The hospitality industry is one of the most know customer-centred businesses. Within this business a large amount of customer data is being processed. Data helps to deliver and understand the customer, the customer’s needs, wants, desires and wishes. Data mining is an automated process, which helps organisations to search through all the collected data to discover patterns and trends. (Magnini, Honeycutt, & Hodge, 2003)
Most of the data base systems used within the hospitality industry are the CRS (reservation), PMS (property), POS (sales) and loyalty programs. Here for data mining and analytics play a huge role within the industry. (Chamelian, 2015)
With the combination of these data, hoteliers can take action guest on a consistent level. With this information they can go beyond their traditional loyalty programs and understand the behaviour, choices and needs of a particular segment. This offers hotels the opportunity to identify opportunities and attract new guests. (Dragosavec, 2015)
The primary concern is the management of the existing data. This requires investments into different kind of systems, programs and hardware. And most important, trained and skilled staff who work on maintaining existing data. This is time consuming. Below some tips and tricks on use data mining effectively in the hospitality industry. (Magnini, Honeycutt, & Hodge, 2003)
#1 Match your IT priorities with an appropriate provider. See who can translate your data into valuable information.
#2 Build segmentation and predictive models. One consumer can fit into different segments. But building a suitable model and segment to fit in is key in the hospitality industry. Find a supplier who creates experienced models who strengthen the expertise of the IT department.

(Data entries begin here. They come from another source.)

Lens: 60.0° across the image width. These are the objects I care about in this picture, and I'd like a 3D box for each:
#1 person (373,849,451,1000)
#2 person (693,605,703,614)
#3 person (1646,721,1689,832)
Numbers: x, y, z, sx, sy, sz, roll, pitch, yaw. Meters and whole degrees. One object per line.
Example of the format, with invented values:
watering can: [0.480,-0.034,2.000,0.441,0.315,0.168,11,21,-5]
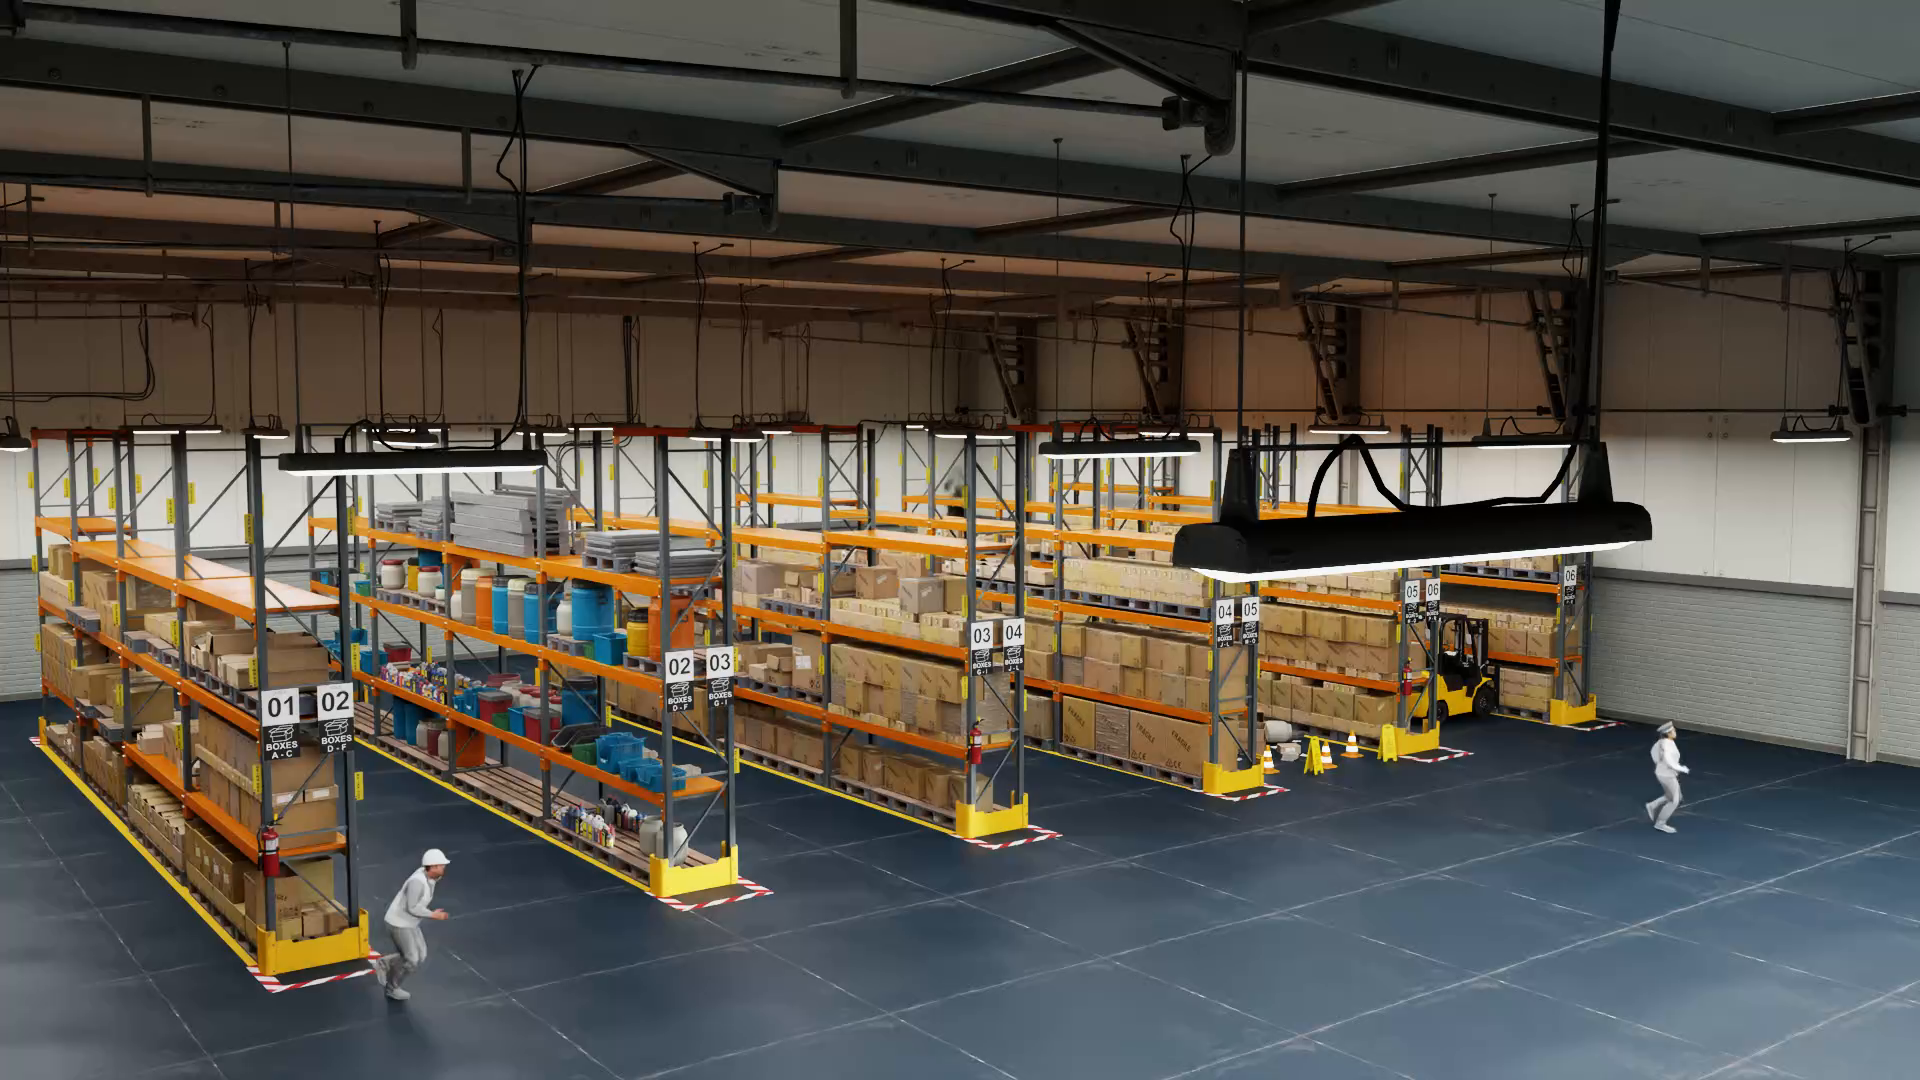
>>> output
person: [-5.911,4.130,17.952,0.846,1.612,0.677,0,4,-4]
person: [-6.471,2.330,40.282,0.730,1.697,0.913,0,4,5]
person: [10.647,3.547,24.978,0.537,1.661,0.658,1,5,11]

#3 Collect data to support the models. By collecting the accurate data, this input can lead to an increase in the value of the models.
#4 Select the appropriate tools for analysis and prediction. Instruments like genetic algorithms, neural networks and decision trees can be used for data mining in the hotel industry.
#5 Demand timely output. Check the output of the data as it varies far and wide.
#6 Refine the process. As datamining is an ongoing process it is key to continuously modify and refine the conditions of the inputs and outputs. Especially in a competitive environment.
#7 Hire a well-trained staff and a knowledgeable IT manager. It is very important for productive data mining that both the IT manager and the staff (management) are able to interpret the outcome of the data.
Moreover, there are also some limitation and boundaries to data mining. (Agganwai, 2015)
#1 Data mining analyses only data collected from existing customers. Data mining software does collect information about patterns from the guest loyalty programs, reservation and property systems. This technology does not provide information about segments which are not yet in the data base. As well information about the customers who are in competitor’s systems.
#2 Databases used in the mining process are often hotel-brand specific. Data bases do create prediction models that are brand sensitive. Marketing information can be useless if the hotel wants to predict customer demand (based on brand-portfolio).
#3 Data mining may not segment travellers by psychographic traits. Personality distribution amongst travellers are not the main input for data-mining systems. Sometimes, psychological factors influence customer purchase behaviour.
#4 Data mining does not provide information about customers’ though process. Important for the organisation is to (within data-mining), ask the customers’ needs are and what the hotel (product/service) is about. Called: conducting in-depth conversation.
Agganwai, C. C. (2015). Data Mining: The Textbook. Switzerland: Springer.
Chamelian, S. (2015). Using data mining and analytics to your hotel’s advantage. Retrieved October 2, 2016, from E Hotelier: https://ehotelier.com/insights/2015/09/09/using-data-mining-and-analytics-to-your-hotels-advantage/
Dragosavec, G. (2015, September). Big Data Analytics in Hotel Industry. Retrieved October 2, 2016, from KD Nuggets News: http://www.kdnuggets.com/2015/09/big-data-analytics-hotel-industry.html
Magnini, V. P., Honeycutt, E., & Hodge, S. (2003). Data Mining for Hotel firms: Use and limitations. Cornell University.